霖霖細雨自灰色的屋檐角滴下來,打在青石板上,澆濕了地面,也澆濕了人的心。

長廊下,紅衣如火,靜靜地立著一個散發女子。她的眼眸深邃,靜靜地看著這綿綿細雨,不知在想些什麽。

望著那雨中的女子,齊仲來腦海中,又浮現她幼時摸樣:小小的她,紮著兩個發髻,穿著一件粉色的襦裙,在雨中奔跑,一邊跑,一邊開心地叫著:賀哥哥,賀哥哥,快來追我啊!

那時候的她,多麽無憂無慮啊。可是如今……

全怪他當初沒有牽住她,讓她獨自一人經歷了那麽多的苦楚,才成了今日這般的樣子。

齊仲來慢慢地走近她,輕輕地喚了一聲:“公主。”

季溫玉這才發現他的存在,她回過頭來,臉上依舊平靜如水,輕輕地問道:“元雍如何了?”

齊仲來搖搖頭,面露難色。

“沒出息的東西!”季溫玉冷哼一聲,“為了一個死去的孟一,便將覆國大業置之不理,像什麽樣子?走,帶我去看他。”

說完,她轉身便走,紅色的衣袂在雨中飄揚。

穿過幾條長廊,走過幾處亭臺,季溫玉始終走在前面,而齊仲來默默地跟在她身後,對她,他始終都不會越了雷池。

*

兩人一前一後,來到一座閣樓前。

推開門,一股濃烈的酒味撲鼻而來,屋內一片狼藉,恒升正爛醉如泥地癱倒在地上,身旁是七倒八歪的酒壺。聽到聲響,他也不做任何反應。

季溫玉走過去,一腳踹在恒升的身上。

恒升這才微微地睜開眼睛,迷迷糊糊地看了一眼來人,喊了一聲:“姐姐。”

季溫玉面色陰沈,從袖中抽出一副畫,狠狠地扔到他面前。

那畫慢慢地攤開,裏面赫然畫著一個熟悉的面容。這畫的背景,卻是群山連綿,顯然是河黨山地。
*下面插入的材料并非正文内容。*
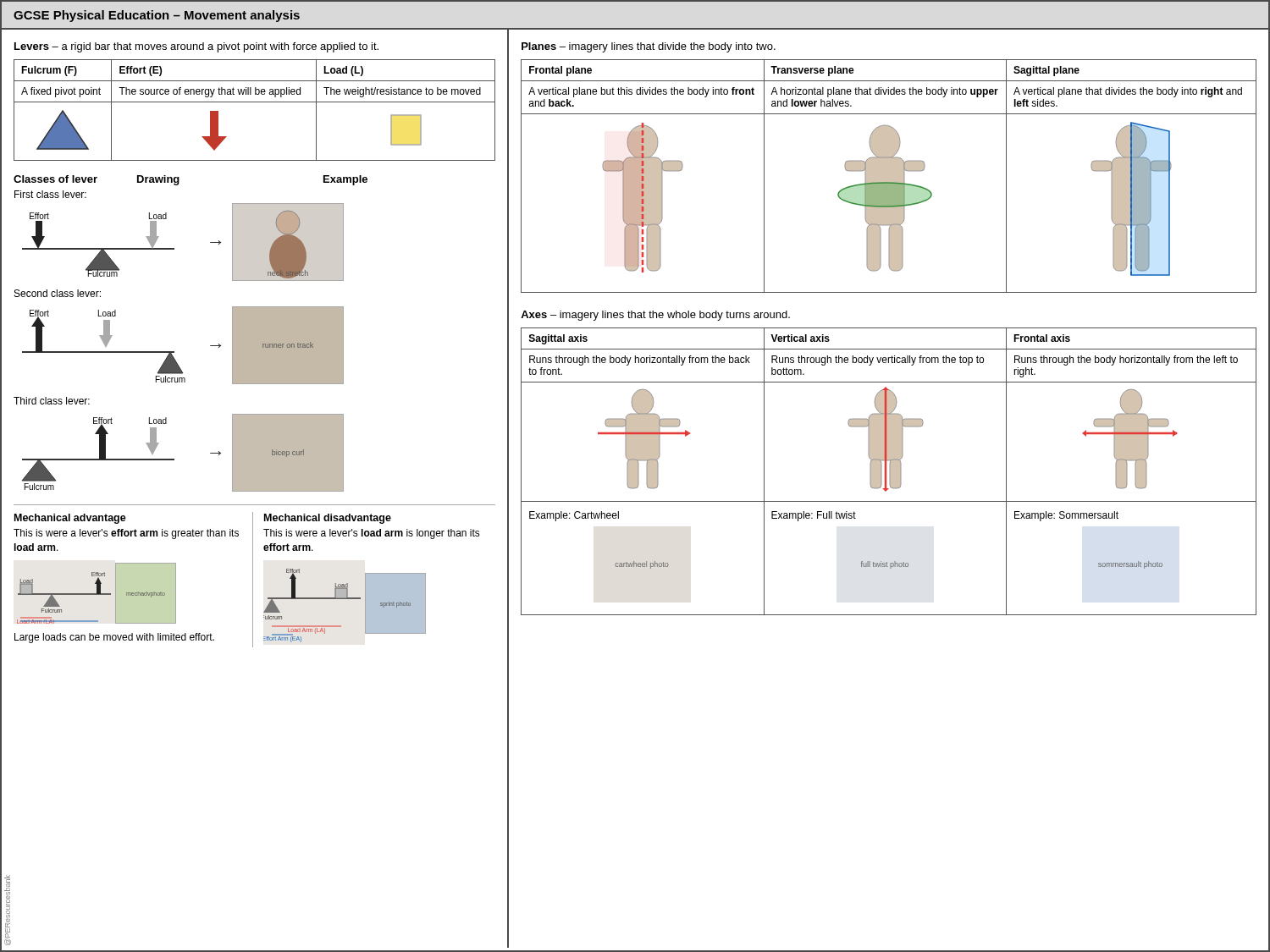
Task: Where does it say "Third class lever:"?
Action: tap(52, 401)

恒升的眼睛驀地睜大,原本醉意朦朧的眼神瞬間變得清醒,他顫抖著手拿起那幅畫,緊緊地貼在胸口,仿佛溺水之人抓住了最後一根稻草。

“她……她沒死?”

季溫玉看著他那副失魂落魄的模樣,心中愈發惱怒,“是,她大難不死,如今卻幫著北淩來對付咱們!因為她,胡人大軍死傷慘重,你對得起燕族對你的信任嗎?對得起那些為了中洲覆國大業,而犧牲的將士們嗎?”
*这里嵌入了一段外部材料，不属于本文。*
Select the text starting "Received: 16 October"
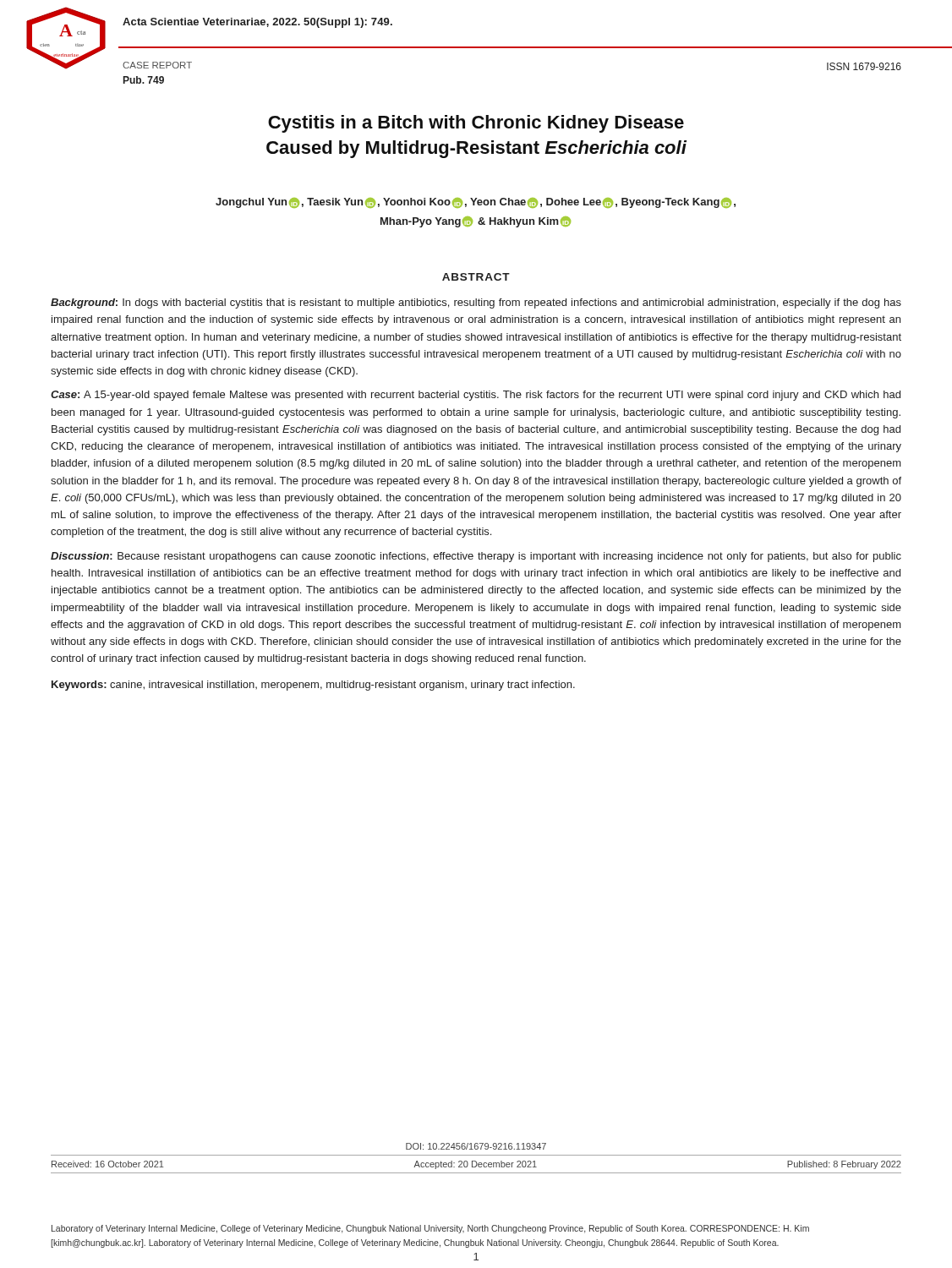The height and width of the screenshot is (1268, 952). click(x=476, y=1164)

恒升仿佛沒有聽到她的話,只是將那畫緊緊地抱在懷裏,嘴裏不停地念著:“北歌,北歌……”

季溫玉冷冷地看著他,心中愈發失望。她俯下身,在恒升耳邊輕聲說道:“弟弟,若是你再不振作起來,為我中洲人軍拼殺,定會派人殺了蘇北歌,免得她再繼續禍害我們。讓更多的中洲人和胡人兄弟無故流血。”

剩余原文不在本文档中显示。